DATA FOR REVIEW START

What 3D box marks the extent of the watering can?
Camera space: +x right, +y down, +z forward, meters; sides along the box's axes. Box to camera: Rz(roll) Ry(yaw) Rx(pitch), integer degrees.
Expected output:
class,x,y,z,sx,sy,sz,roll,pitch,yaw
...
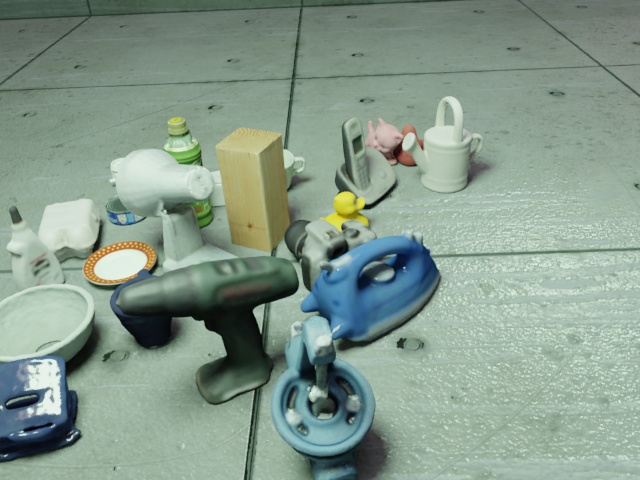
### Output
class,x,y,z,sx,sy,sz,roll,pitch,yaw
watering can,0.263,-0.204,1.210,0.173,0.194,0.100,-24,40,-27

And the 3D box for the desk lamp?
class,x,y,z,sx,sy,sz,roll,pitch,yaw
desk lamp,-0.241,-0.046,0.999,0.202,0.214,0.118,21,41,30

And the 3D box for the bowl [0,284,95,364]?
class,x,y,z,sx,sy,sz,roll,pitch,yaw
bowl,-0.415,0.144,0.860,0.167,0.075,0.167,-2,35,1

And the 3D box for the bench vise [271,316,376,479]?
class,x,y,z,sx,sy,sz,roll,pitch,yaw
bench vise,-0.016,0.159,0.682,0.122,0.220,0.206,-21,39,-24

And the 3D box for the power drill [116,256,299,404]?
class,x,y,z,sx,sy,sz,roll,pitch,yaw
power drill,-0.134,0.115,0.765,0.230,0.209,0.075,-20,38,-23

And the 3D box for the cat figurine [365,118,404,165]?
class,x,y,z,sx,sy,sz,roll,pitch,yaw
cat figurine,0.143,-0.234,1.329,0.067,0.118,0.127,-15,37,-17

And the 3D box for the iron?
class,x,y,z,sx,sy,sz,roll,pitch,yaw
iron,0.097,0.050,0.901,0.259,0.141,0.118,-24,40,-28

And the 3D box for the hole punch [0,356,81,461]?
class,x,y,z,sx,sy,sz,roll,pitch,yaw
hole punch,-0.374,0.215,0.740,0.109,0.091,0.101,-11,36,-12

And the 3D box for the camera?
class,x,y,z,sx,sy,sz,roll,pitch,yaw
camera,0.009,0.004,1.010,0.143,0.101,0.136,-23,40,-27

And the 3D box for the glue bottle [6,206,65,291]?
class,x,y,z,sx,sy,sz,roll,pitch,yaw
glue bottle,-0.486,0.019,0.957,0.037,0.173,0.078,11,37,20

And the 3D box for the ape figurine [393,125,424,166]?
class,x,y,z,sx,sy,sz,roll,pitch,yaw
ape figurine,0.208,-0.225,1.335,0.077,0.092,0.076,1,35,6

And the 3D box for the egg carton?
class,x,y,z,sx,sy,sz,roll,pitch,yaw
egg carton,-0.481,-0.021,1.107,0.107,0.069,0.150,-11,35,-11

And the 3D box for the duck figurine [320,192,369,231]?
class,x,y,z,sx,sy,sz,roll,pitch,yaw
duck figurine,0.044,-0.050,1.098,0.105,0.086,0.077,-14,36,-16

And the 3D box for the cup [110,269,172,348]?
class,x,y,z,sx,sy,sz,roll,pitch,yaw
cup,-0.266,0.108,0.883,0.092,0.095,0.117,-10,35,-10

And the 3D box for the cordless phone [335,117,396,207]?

DATA FOR REVIEW END

__PROBLEM STATEMENT__. Set down, word for word, every line from the line that holds "And the 3D box for the ape" to the end of the entries above, including both ends.

__EXERCISE SOLUTION__.
And the 3D box for the ape figurine [393,125,424,166]?
class,x,y,z,sx,sy,sz,roll,pitch,yaw
ape figurine,0.208,-0.225,1.335,0.077,0.092,0.076,1,35,6

And the 3D box for the egg carton?
class,x,y,z,sx,sy,sz,roll,pitch,yaw
egg carton,-0.481,-0.021,1.107,0.107,0.069,0.150,-11,35,-11

And the 3D box for the duck figurine [320,192,369,231]?
class,x,y,z,sx,sy,sz,roll,pitch,yaw
duck figurine,0.044,-0.050,1.098,0.105,0.086,0.077,-14,36,-16

And the 3D box for the cup [110,269,172,348]?
class,x,y,z,sx,sy,sz,roll,pitch,yaw
cup,-0.266,0.108,0.883,0.092,0.095,0.117,-10,35,-10

And the 3D box for the cordless phone [335,117,396,207]?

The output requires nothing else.